Following the conversation from several weeks ago - I set up the model as follows:
formula<-bf(poverty ~ 1 + gdp +(1|Country) + (1|Country:Region) ,
phi ~ 1 + gdp +(1|Country) + (1|Country:Region),
zoi ~ 1 + gdp +(1|Country) + (1|Country:Region),
coi = 1 ) # coi is set up to 1 as there are no data with poverty rate equal to zero
fit.model<-brm(
formula,
data=sample,
family= zero_one_inflated_beta(),
chains = 4,
iter = 3000,
warmup = 1000,
cores = 4,
backend = “cmdstanr”,
threads = threading(1),
control = list(adapt_delta = 0.99)
) # no priors set up for this model
For this model I have 16 Countries which have from 1 to 149 Regions with different number of surveys in each Region. In total I have over 8,000 surveys (but I tested this model also on over 90,000 surveys from 16 Countries as well as on a dataset where there was equal sample size for each Region).

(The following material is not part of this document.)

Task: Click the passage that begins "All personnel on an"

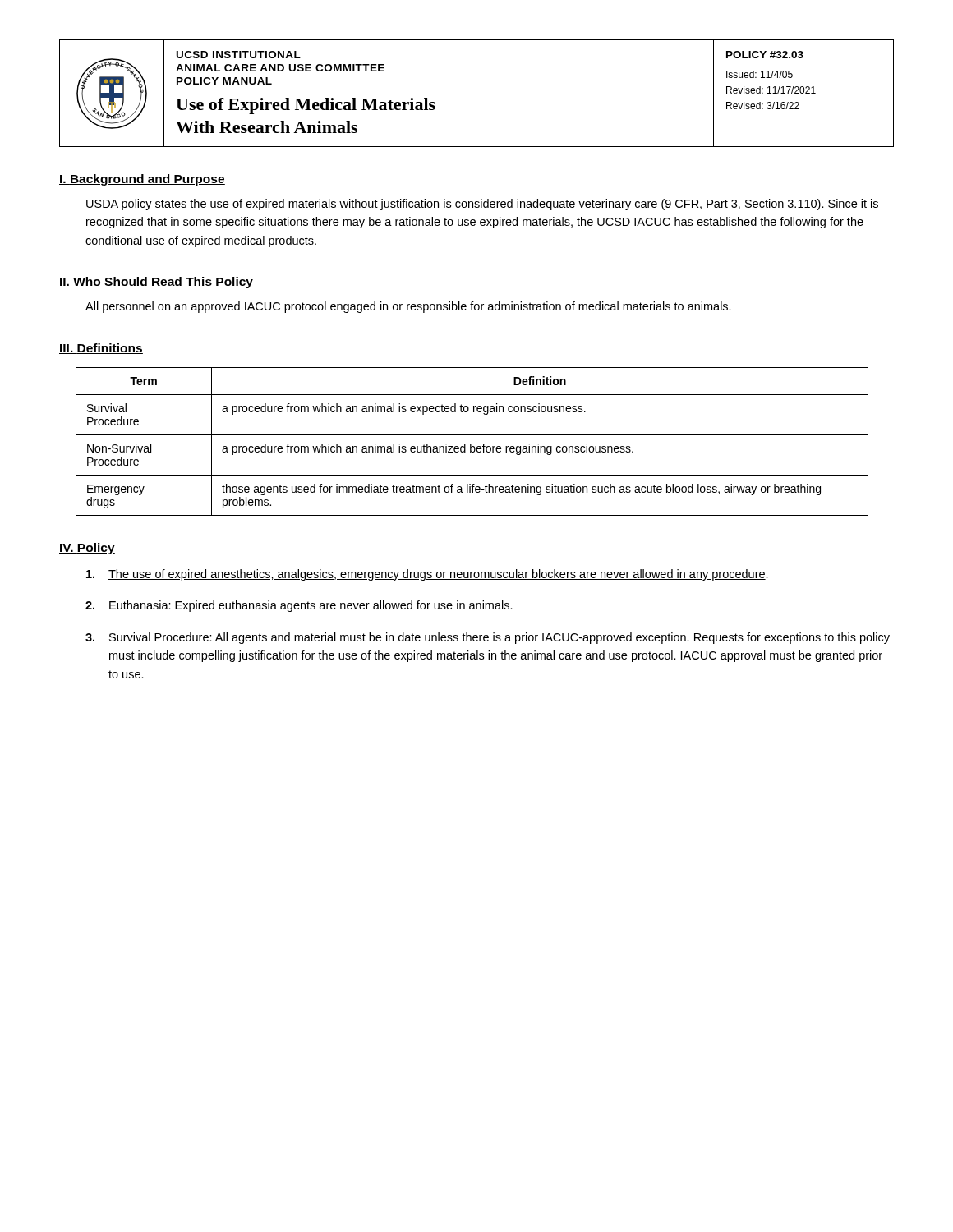Action: (x=409, y=307)
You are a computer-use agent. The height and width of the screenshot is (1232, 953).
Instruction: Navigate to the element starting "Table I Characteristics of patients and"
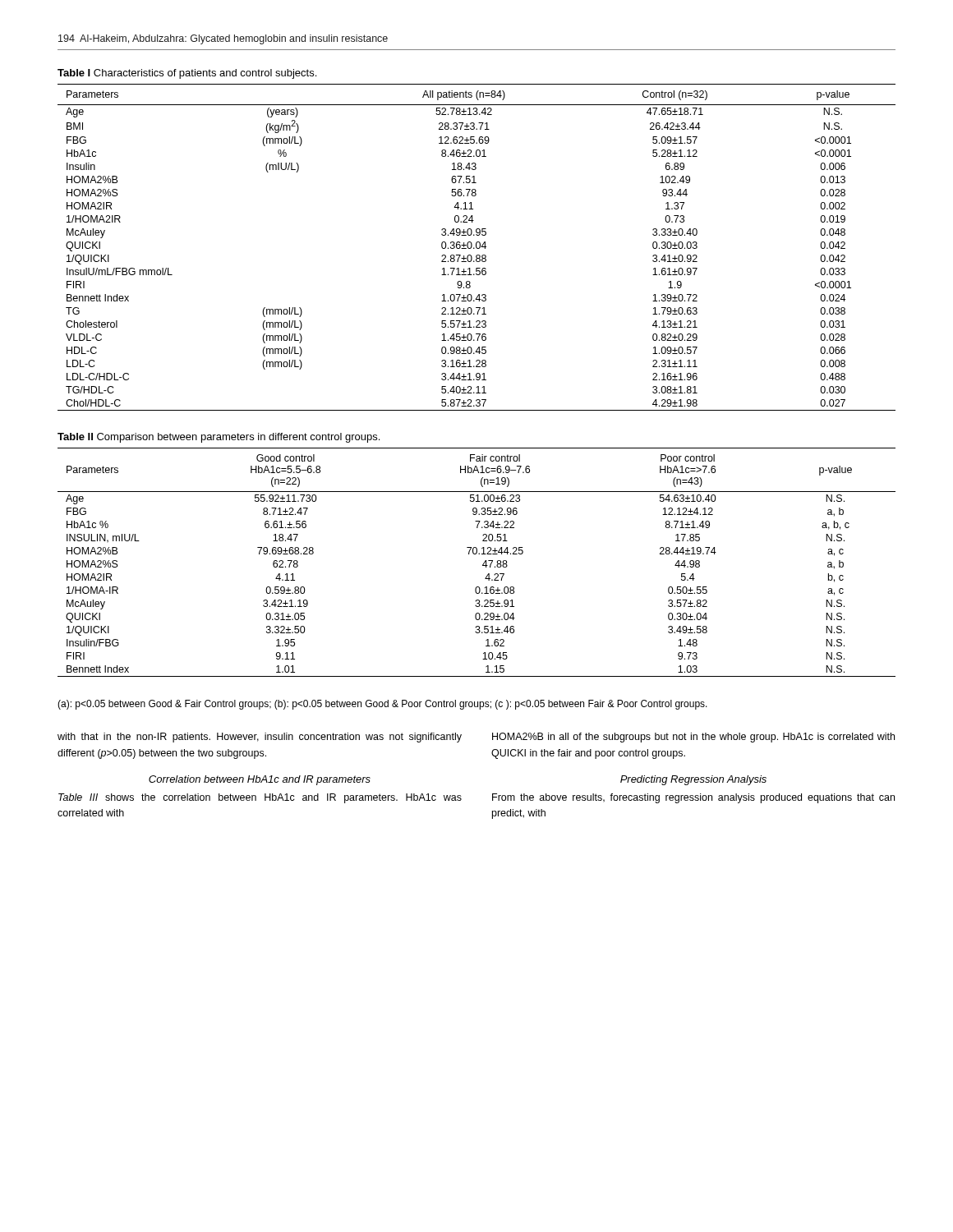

The model runs, it converges well. The Rhats are healthy (all 1.00), the fit has no divergences, and ESS look reasonable (all more than 1800).
The graphs for posterior predictive checks look as follow:
- graph for comparing distribution of the observed variable (y) to the distributions of some of the simulated datasets (yrep) (pp_check(fit.model, ndraws=200)):
- The scatter plot of residuals (x axis) plotted against the observed variable (y) (pp_check(fit.model, “error_scatter_avg”)):
The question I have is as follows.
I am using GDP as a country-level predictor and, in the graph below, I show the GDP vs Poverty Rate. I would expect that the model’s predicted poverty rates shift towards the regression line (the blue line showing relationship between gdp and poverty for the observed data). But in the graph some of the red points (the model’s predicted poverty rates) shift away from the line, and I am not sure what’s the explanation for this.
The blue dots are calculated by taking the averages at the regional level and then taking the average of the regional averages to get the country average. Changing the approach to poverty rate calculation (taking the average of all data at the country level) gives nearly the same results. The labels indicate the country and the number of surveys in each country.
Would you have any suggestion what can be happening here and how I can try to improve that? I tried various things already:
- to simplify the model (reduce the number of levels only to Country).
- not model for phi nor zoi.
- take various sample sizes from the original dataset to check the behavior of the model.
- I tried using the default brms priors and other non-informative priors recommended in the Andrew Heiss blog post: “A guide to modeling proportions with Bayesian beta and zero-inflated beta regression models”.
- I also tried change the way the blue dots are calculated (simple average for a Country from all data for given country, average of averages of poverty at Regional level to get the Country average)
- Should I expect the “red dots” to get close to the line. If no, why?
- If yes, what are some other possible causes of why this is happening.
Would you have any suggestions about what might be missing in the model?